Чезаре предоставил ей самую красивую спальню на вилле, в ярко-синих с золотом тонах, с широкой постелью и пологом из легкой ткани, которая превращала ее в интимный и кокетливый альков. Толстый синий ковер с золотисто-желтыми разводами покрывал пол. Ванна из голубого мрамора казалась роскошнее из-за кранов из ляпис-лазури и больших венецианских зеркал с позолоченными рамами.

Мария опустилась в стоявшее возле окна кресло, ошеломленная всем тем, что окружало ее. Не волшебство ли это? В балконной двери, которая выходила на террасу, гасли последние солнечные лучи и загорались звезды. Песня сверчков ласкала голубой бархат ночи, и легкий ветерок колыхал занавески.

– Что же ты не спускаешься на ужин? – застал ее неподвижно сидящей Чезаре. – Все готово. В чем дело? – забеспокоился он. – Что с тобой?

– Мне не по себе, – сказала она ему. – Эта женщина смотрит на меня, словно я бог знает кто.

– Эта женщина, имей в виду, будет обслуживать тебя как хозяйку, – раздраженно ответил Чезаре, готовый смести все преграды, могущие помешать его воле.

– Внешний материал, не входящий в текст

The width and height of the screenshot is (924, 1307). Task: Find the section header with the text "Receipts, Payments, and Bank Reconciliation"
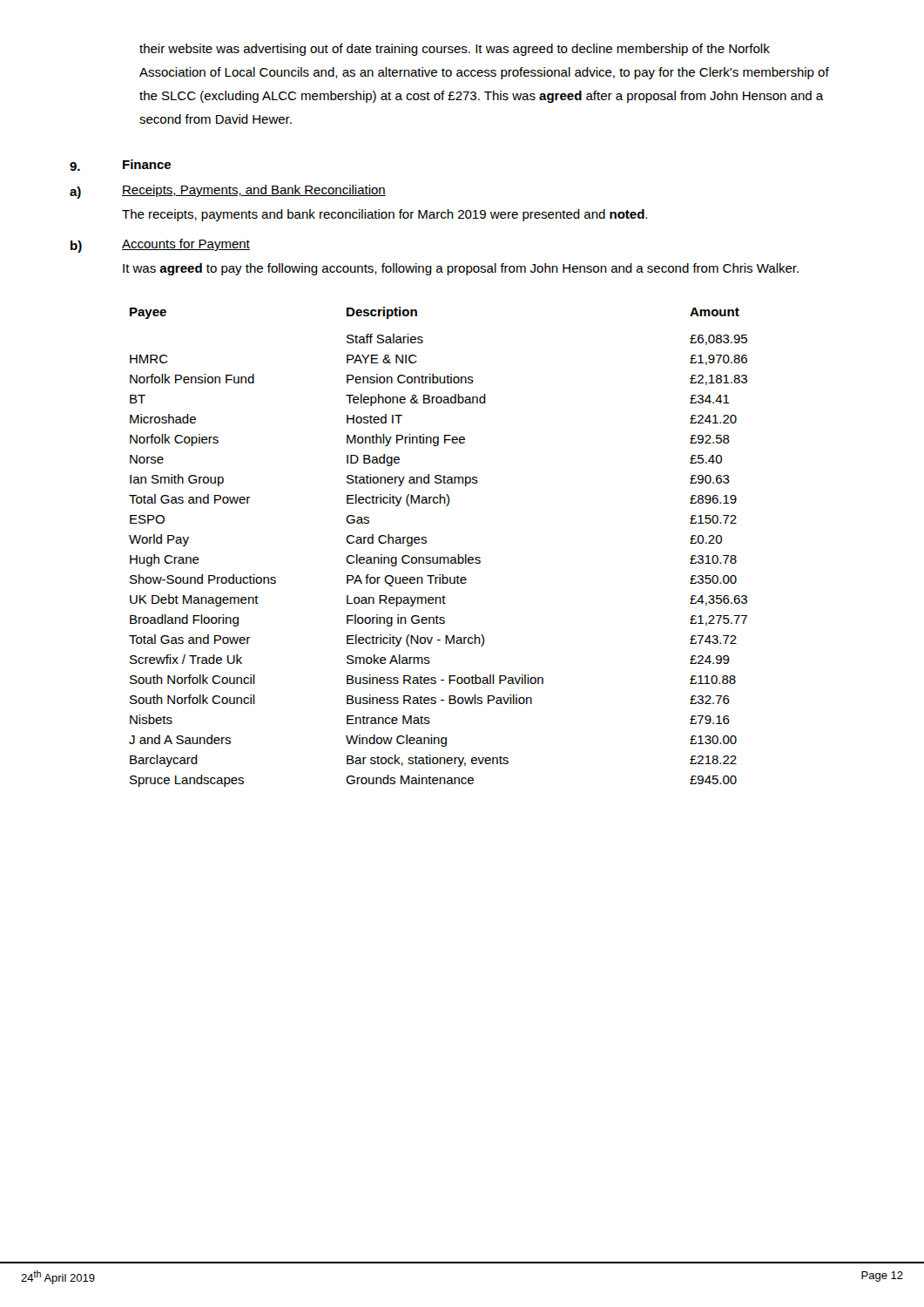(x=254, y=190)
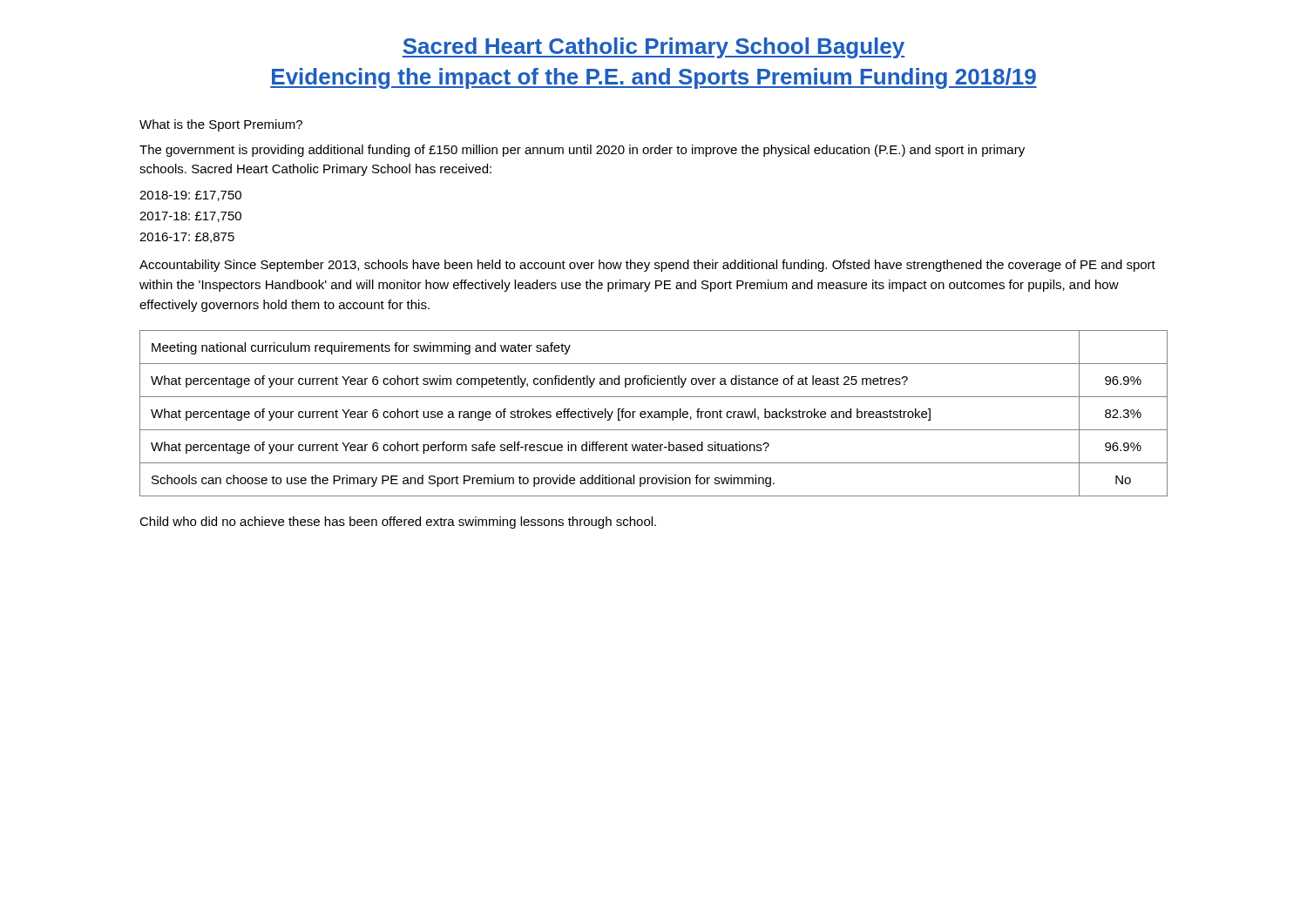Find the block on this page that starts "The government is providing additional funding"
Screen dimensions: 924x1307
(582, 159)
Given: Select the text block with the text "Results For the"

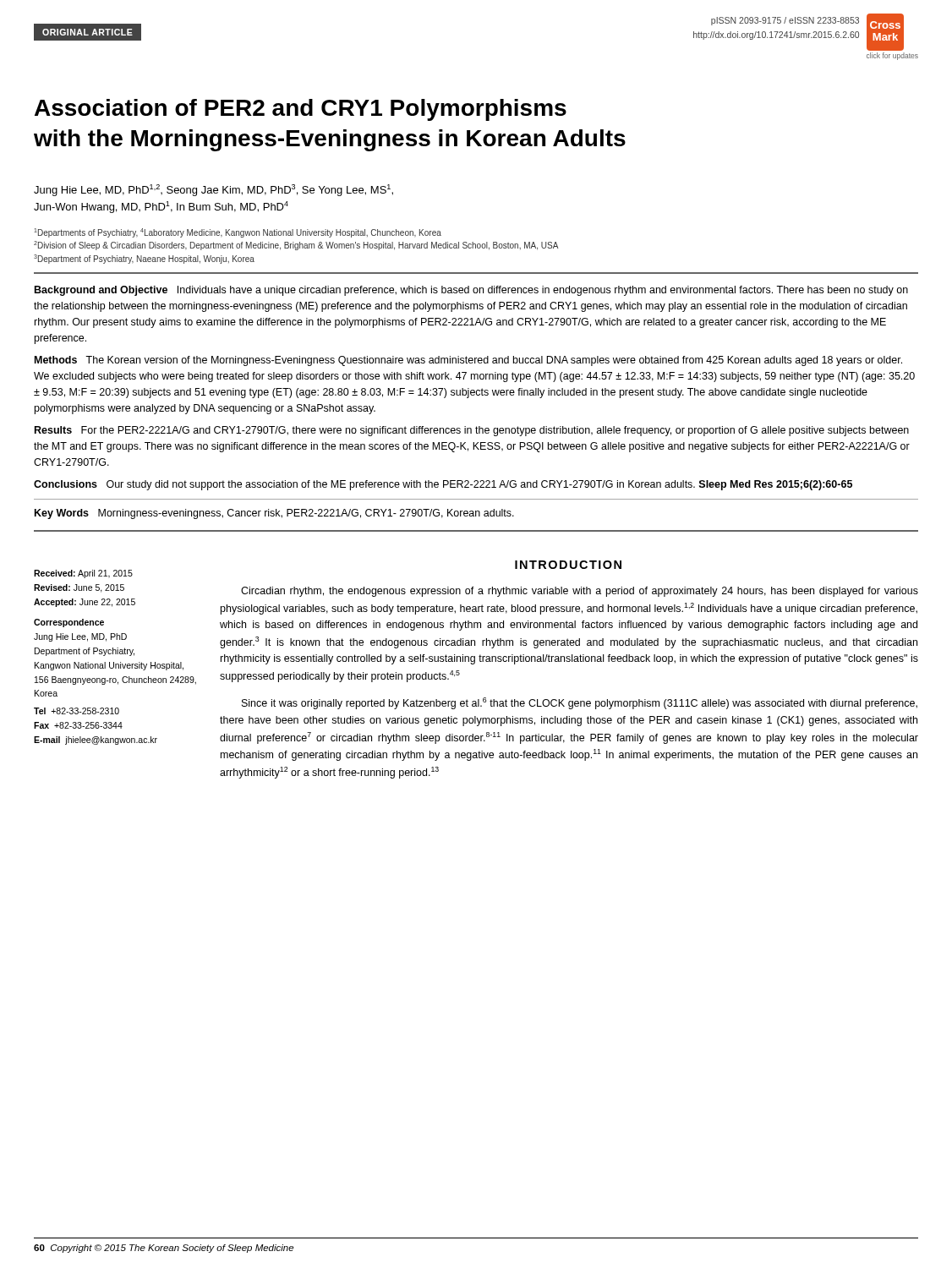Looking at the screenshot, I should 472,446.
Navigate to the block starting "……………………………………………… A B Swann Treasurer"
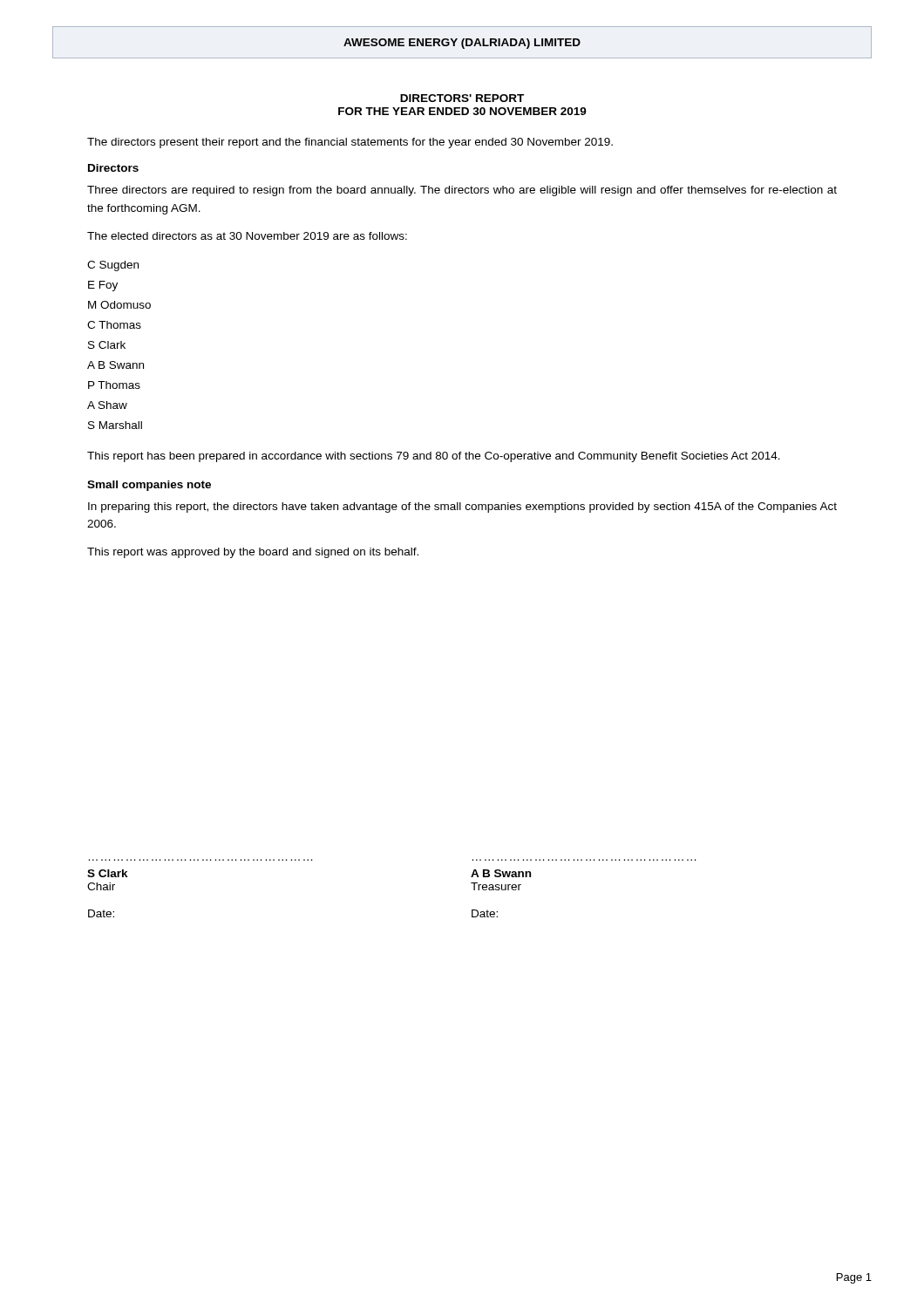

– Дело не в этом, – упрямилась она. – Мне надо самой понять, кто же я. Я потеряла себя. И это ужасно.

Чезаре закрыл балконную дверь, задернул занавески и включил лампу с золотисто-желтым абажуром, излучающим мягкий свет. Поглядел на Марию, подошел к ней и поднял с кресла, обняв ее.

– Я не знаю слов, которые говорят женщинам, – начал он, крепко сжав ее в своих объятиях. – Не знаю также, буду ли я испытывать завтра к тебе то, что сегодня доводит меня почти до безумия. Но надеюсь, что да: столько радости ты мне даешь. Хочешь, я женюсь на тебе? – спросил он с той серьезностью, с какой всегда решал исход дела.

– Ты ведь знаешь, у меня есть муж. – Воспоминание о Немезио смутило ее еще больше.

– Я могу расторгнуть твой брак когда захочешь, – твердо сказал он. – Достаточно, чтобы ты поручила мне это.

– Ты можешь все, – сказала она, чувствуя, как млеет в его объятиях, не в силах противиться ему ни в чем.

– Не все, – уточнил Чезаре, глядя на нее страстным взглядом, – но я могу многое. Ничто не помешает мне расторгнуть твой брак, если ты согласна принадлежать мне.

– Нельзя расторгнуть то, что соединено богом, – возразила она, покачав головой. Это было невозможно для нее, потому что она сама не могла перечеркнуть свой брак с отцом Джулио. Немезио перевернул ее жизнь, и забыть этого она не могла.

– Бывают веские причины для того, чтобы расторгнуть брак, – продолжал настаивать он. – Джузеппина говорила мне, что твой муж пользовался твоей доверчивостью, что он обманывал тебя.

– О, нет, прошу тебя, – вспыхнула она, – оставим эту тему! Не будем больше говорить об этом. Я здесь с тобой, и этого достаточно. Это ведь то, чего ты хотел, не так ли? – Она была в каком-то сказочном сне в объятиях всесильного человека, который мог положить к ее ногам целый мир, а продолжала любить маленького циркача с нелепыми идеями в голове, который обещал ей воздушные замки в Париже, а сам не имел и двух чентезимо на обед. Она была в объятиях неотразимого мужчины, который воспламенял все ее чувства, а перед нею стоял образ этого циркача и мечтателя.